Heretofore, an absolute measurement method or a comparison measurement method has been employed to measure the dimension between the edges of a concave or convex part of a fine pattern. In the absolute measurement method, a microscope system and a stage on which a specimen is mounted are moved relative to each other in two dimensions. The microscope provides a laser beam so that the edges of the concave or convex part are detected from the laser beam reflected from the part. The movement of the stage with respect to the microscope system, i.e., the distance between the edges of the concave or convex part, is measured by a high-accuracy dimension measuring unit such as a laser interference distance measuring unit.
In the absolute measurement method, the resultant measurement is sufficiently high in accuracy if the distance measuring unit used is high in accuracy. However, the method requires an expensive absolute scale such as the above-described laser interference distance measuring unit, and therefore it is unavoidable that an apparatus for practicing the method is very expensive to manufacture.

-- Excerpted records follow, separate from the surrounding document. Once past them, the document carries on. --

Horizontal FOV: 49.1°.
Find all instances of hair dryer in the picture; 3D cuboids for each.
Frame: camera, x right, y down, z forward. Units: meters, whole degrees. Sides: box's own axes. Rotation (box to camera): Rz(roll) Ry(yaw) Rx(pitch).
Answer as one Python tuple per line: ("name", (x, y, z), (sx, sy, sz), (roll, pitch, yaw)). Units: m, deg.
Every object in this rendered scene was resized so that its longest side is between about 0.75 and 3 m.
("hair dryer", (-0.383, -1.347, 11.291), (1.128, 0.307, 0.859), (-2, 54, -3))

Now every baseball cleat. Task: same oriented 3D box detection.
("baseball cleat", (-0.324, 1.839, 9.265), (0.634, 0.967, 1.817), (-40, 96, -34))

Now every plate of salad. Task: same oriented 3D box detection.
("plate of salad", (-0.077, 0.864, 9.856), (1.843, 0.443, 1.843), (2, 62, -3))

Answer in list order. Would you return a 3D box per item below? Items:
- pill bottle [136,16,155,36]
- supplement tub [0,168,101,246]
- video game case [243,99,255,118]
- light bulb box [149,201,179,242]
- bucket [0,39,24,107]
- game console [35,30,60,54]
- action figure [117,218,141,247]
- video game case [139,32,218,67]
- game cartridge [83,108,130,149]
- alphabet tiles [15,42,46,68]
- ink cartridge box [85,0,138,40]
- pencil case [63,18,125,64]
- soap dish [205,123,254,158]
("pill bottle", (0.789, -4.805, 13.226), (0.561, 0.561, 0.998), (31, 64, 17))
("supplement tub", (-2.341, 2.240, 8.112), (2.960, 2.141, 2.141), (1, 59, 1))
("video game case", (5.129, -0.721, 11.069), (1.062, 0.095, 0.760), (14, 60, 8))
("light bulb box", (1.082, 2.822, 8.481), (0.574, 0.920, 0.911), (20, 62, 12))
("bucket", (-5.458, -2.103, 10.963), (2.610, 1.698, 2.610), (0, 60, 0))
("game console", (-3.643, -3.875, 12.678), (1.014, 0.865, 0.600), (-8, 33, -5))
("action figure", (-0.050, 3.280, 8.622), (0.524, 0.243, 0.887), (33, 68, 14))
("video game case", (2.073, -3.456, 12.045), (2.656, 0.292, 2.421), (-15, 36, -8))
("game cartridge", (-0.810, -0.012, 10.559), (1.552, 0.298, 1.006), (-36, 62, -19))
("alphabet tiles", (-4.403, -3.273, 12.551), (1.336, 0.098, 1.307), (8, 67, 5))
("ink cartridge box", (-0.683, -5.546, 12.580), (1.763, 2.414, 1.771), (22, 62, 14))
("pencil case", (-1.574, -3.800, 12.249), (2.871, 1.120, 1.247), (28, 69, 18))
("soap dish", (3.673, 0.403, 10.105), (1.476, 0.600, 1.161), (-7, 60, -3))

On the other hand, a comparison type dimension measuring unit is relatively inexpensive. However, it lacks sufficiently high measurement accuracy. For instance a method is known in the art in which an image enlarged by a microscope system is subjected to optical image slit scanning to effect the measurement. In another method, the enlarged image is applied to a television camera so that it is converted to a video signal for measurement. In the case when the pattern of an IC wafer or the like is imaged, the resultant optical image is low in contrast. Accordingly, in this case, it is difficult for the two methods to obtain photoelectric signals with a high S/N ratio. If an image pickup tube is employed for the television camera, the measurement accuracy is lowered by the image distortion which is inherent with this tube. In the case of a solid state camera using two-dimensional CCD's, the image distortion can be prevented, but it is impossible to perform highly accurate measurement because of the low measurement resolution.